Excerpts from a dataset:
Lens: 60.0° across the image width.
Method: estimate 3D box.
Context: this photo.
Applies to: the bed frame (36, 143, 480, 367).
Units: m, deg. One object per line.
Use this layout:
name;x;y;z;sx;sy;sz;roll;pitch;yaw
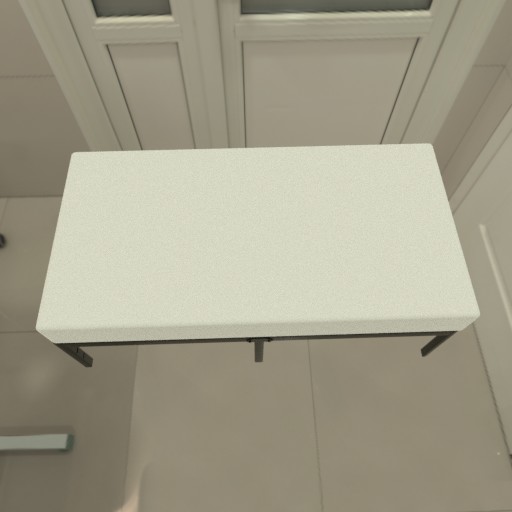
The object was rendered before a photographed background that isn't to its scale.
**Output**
bed frame;0.000;0.000;2.443;1.950;0.659;1.023;-2;62;-1
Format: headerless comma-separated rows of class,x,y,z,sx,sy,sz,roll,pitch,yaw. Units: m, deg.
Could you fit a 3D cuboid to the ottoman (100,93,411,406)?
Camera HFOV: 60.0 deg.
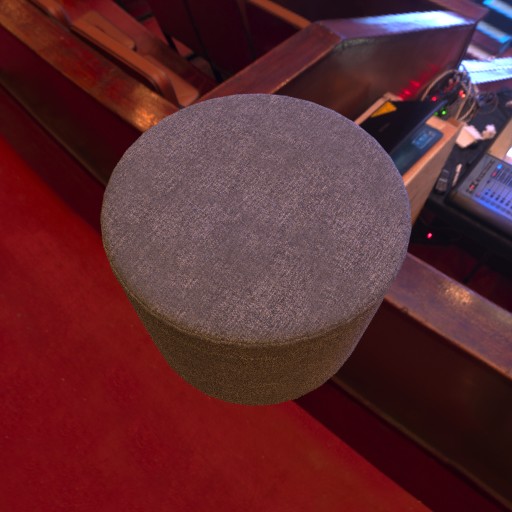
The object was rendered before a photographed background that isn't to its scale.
ottoman,0.000,0.000,0.877,0.500,0.419,0.500,0,60,0
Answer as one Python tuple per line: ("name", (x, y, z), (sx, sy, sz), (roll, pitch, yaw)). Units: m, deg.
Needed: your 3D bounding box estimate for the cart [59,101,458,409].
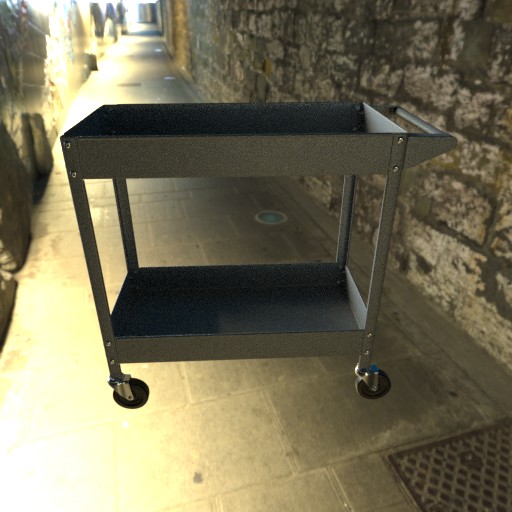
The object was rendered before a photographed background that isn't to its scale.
("cart", (0.000, 0.000, 1.168), (0.779, 0.719, 0.366), (-1, 29, -3))
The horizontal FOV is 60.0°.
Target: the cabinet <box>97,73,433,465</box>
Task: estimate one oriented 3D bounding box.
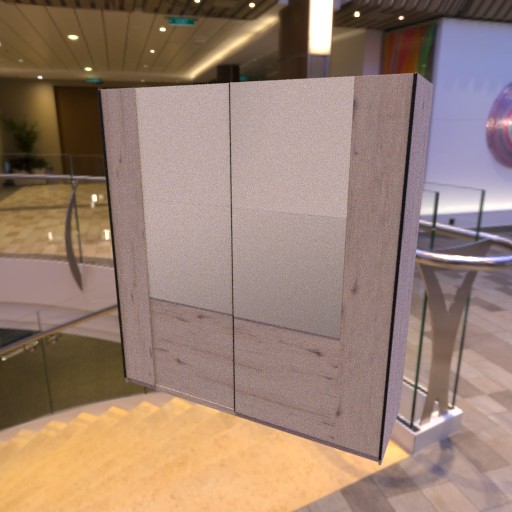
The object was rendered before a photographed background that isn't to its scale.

WHAT YOU HAVE TO DO:
Working through the records, copy each line in which the word "pitch" appears.

EXERCISE SOLUTION:
name;x;y;z;sx;sy;sz;roll;pitch;yaw
Format: headerless comma-separated rows of class,x,y,z,sx,sy,sz,roll,pitch,yaw. Units: m, deg.
Answer as one Python tuple per line: ("name", (x, y, z), (sx, sy, sz), (roll, pitch, yaw)). Units: m, deg.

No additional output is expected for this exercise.